What Is Your Data Telling Medicare?
“Healthcare compliance is the process of following rules, regulations and laws that relate to healthcare practices,” according to the PowerDMS Policy Learning Center. Although all healthcare organizations have a compliance department, how the clinical documentation integrity (CDI) department interacts with compliance and supports practices compliant with Centers for Medicare & Medicaid Services (CMS) regulations varies across health systems. The purpose of a compliance program is to prevent, detect, and correct non-compliance to avoid fraud, waste, and abuse.
According to the U.S. Department of Health and Human Services (HHS), some healthcare entities pose a heightened risk to the financial security of Medicare due to the volume of improper payments they incur. Healthcare organizations have a duty to submit proper claims to CMS; however, “upcoding” remains a common mechanism of improper payments. Because compliance is the responsibility of everyone employed by the health system, CDI leadership should be actively engaged in monitoring CMS claims data for potential overpayments that could represent simple errors or process issues resulting in institutional non-compliance. In particular, CDI departments should be gatekeepers meant to avoid “billing for services at a level or complexity higher than services actually provided or documented in the medical record,” according to CMS.
An overpayment is defined by Medicare as one that “exceeds regulation and statute properly payable amounts.” Medicare overpayments can occur due to “incorrect coding and/or insufficient documentation,” both of which should be monitored by CDI and coding leadership. Healthcare entities have 60 days from overpayment identification to report and return a self-identified overpayment to Medicare. Reporting of an overpayment should include a written explanation for the overpayment, e.g., coding error, failure to follow organizational billing practices, etc. The concept of “identification” is broadly applied, as the rule states that this means when a person has or “should have, through the exercise of reasonable diligence” determined an overpayment.
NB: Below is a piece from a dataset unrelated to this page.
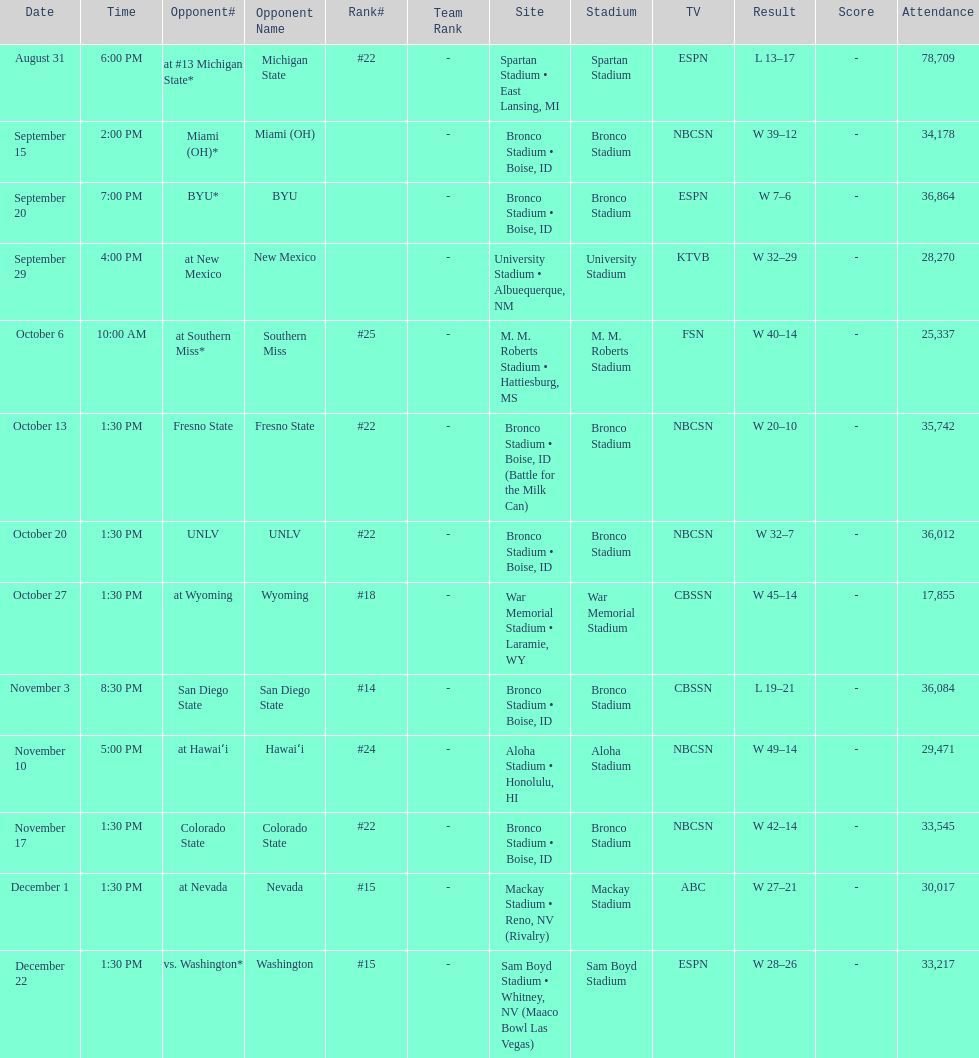What rank was boise state after november 10th? #22. Would you be able to parse every entry in this table? {'header': ['Date', 'Time', 'Opponent#', 'Opponent Name', 'Rank#', 'Team Rank', 'Site', 'Stadium', 'TV', 'Result', 'Score', 'Attendance'], 'rows': [['August 31', '6:00 PM', 'at\xa0#13\xa0Michigan State*', 'Michigan State', '#22', '-', 'Spartan Stadium • East Lansing, MI', 'Spartan Stadium', 'ESPN', 'L\xa013–17', '-', '78,709'], ['September 15', '2:00 PM', 'Miami (OH)*', 'Miami (OH)', '', '-', 'Bronco Stadium • Boise, ID', 'Bronco Stadium', 'NBCSN', 'W\xa039–12', '-', '34,178'], ['September 20', '7:00 PM', 'BYU*', 'BYU', '', '-', 'Bronco Stadium • Boise, ID', 'Bronco Stadium', 'ESPN', 'W\xa07–6', '-', '36,864'], ['September 29', '4:00 PM', 'at\xa0New Mexico', 'New Mexico', '', '-', 'University Stadium • Albuequerque, NM', 'University Stadium', 'KTVB', 'W\xa032–29', '-', '28,270'], ['October 6', '10:00 AM', 'at\xa0Southern Miss*', 'Southern Miss', '#25', '-', 'M. M. Roberts Stadium • Hattiesburg, MS', 'M. M. Roberts Stadium', 'FSN', 'W\xa040–14', '-', '25,337'], ['October 13', '1:30 PM', 'Fresno State', 'Fresno State', '#22', '-', 'Bronco Stadium • Boise, ID (Battle for the Milk Can)', 'Bronco Stadium', 'NBCSN', 'W\xa020–10', '-', '35,742'], ['October 20', '1:30 PM', 'UNLV', 'UNLV', '#22', '-', 'Bronco Stadium • Boise, ID', 'Bronco Stadium', 'NBCSN', 'W\xa032–7', '-', '36,012'], ['October 27', '1:30 PM', 'at\xa0Wyoming', 'Wyoming', '#18', '-', 'War Memorial Stadium • Laramie, WY', 'War Memorial Stadium', 'CBSSN', 'W\xa045–14', '-', '17,855'], ['November 3', '8:30 PM', 'San Diego State', 'San Diego State', '#14', '-', 'Bronco Stadium • Boise, ID', 'Bronco Stadium', 'CBSSN', 'L\xa019–21', '-', '36,084'], ['November 10', '5:00 PM', 'at\xa0Hawaiʻi', 'Hawaiʻi', '#24', '-', 'Aloha Stadium • Honolulu, HI', 'Aloha Stadium', 'NBCSN', 'W\xa049–14', '-', '29,471'], ['November 17', '1:30 PM', 'Colorado State', 'Colorado State', '#22', '-', 'Bronco Stadium • Boise, ID', 'Bronco Stadium', 'NBCSN', 'W\xa042–14', '-', '33,545'], ['December 1', '1:30 PM', 'at\xa0Nevada', 'Nevada', '#15', '-', 'Mackay Stadium • Reno, NV (Rivalry)', 'Mackay Stadium', 'ABC', 'W\xa027–21', '-', '30,017'], ['December 22', '1:30 PM', 'vs.\xa0Washington*', 'Washington', '#15', '-', 'Sam Boyd Stadium • Whitney, NV (Maaco Bowl Las Vegas)', 'Sam Boyd Stadium', 'ESPN', 'W\xa028–26', '-', '33,217']]} 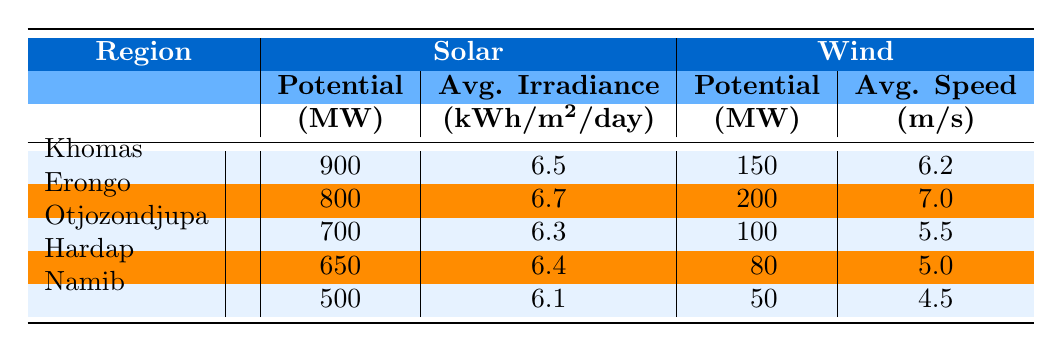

Misusing codes on a claim, such as upcoding (when a provider assigns an inaccurate billing code to a medical procedure or treatment to increase reimbursement) and coding errors are examples of Medicare abuse if the incorrect coding or billing practices are not widespread practices, in which case it could be an example of fraud. CDI and coding professionals are both subject to the federal civil False Claims Act (FCA):
“The civil FCA imposes civil liability on any person who knowingly submits, or causes the submission of, a false or fraudulent claim to the Federal Government. The terms ‘knowing’ and ‘knowingly’ mean a person has actual knowledge of the information or acts in deliberate ignorance or reckless disregard of the truth or falsity of the information related to the claim. No specific intent to defraud is required to violate the civil FCA.”
CMS has a variety of tools to monitor inaccurate payments, including the Comprehensive Error Rate Testing (CERT) Program, Medicare Administrative Contractors (MACs), and the Recovery Auditors. According to CMS, the CERT program reviews a statistically valid stratified random sample of Medicare fee-for-service (FFS) claims to determine if they were paid properly under Medicare coverage, coding, and payment rules. CERT findings create the framework for MAC audits and those performed by Recovery Auditors. While CERT leverages a random sample of claims, the Program for Evaluating Payment Patterns Electronic Report (PEPPER) data provides hospital-specific Medicare claims data. Target areas included in PEPPER were identified by Recovery Auditors and MACs, and are updated periodically.
“PEPPER is an electronic report that provides provider-specific Medicare data statistics for discharges/services vulnerable to improper payments. PEPPER cannot be used to identify the presence of payment errors, but it can be used as a guide for auditing and monitoring efforts to help providers identify and prevent payment errors.”
If you manage a CDI or coding department, you should be reviewing your PEPPER data on a quarterly basis; however, the national download rate is currently at 62 percent. Failure to monitor Medicare claims data included in PEPPER can be an example of “deliberate ignorance or reckless disregard,” according to ACDIS, if your organization is an outlier. Although PEPPER data is not specifically distributed to Recovery Auditors or MACs, both of these Medicare contractors have the ability to request charts related to PEPPER target areas, and have sophisticated data mining techniques to identify outliers.
PEPPER target areas are constructed as a ratio. The numerator includes discharges identified from paid Medicare claims per CMS fiscal year (i.e., October to September) quarter that are identified as potentially problematic because they are likely to be miscoded or result in medically unnecessary services. The denominator is the larger reference group that includes the numerator.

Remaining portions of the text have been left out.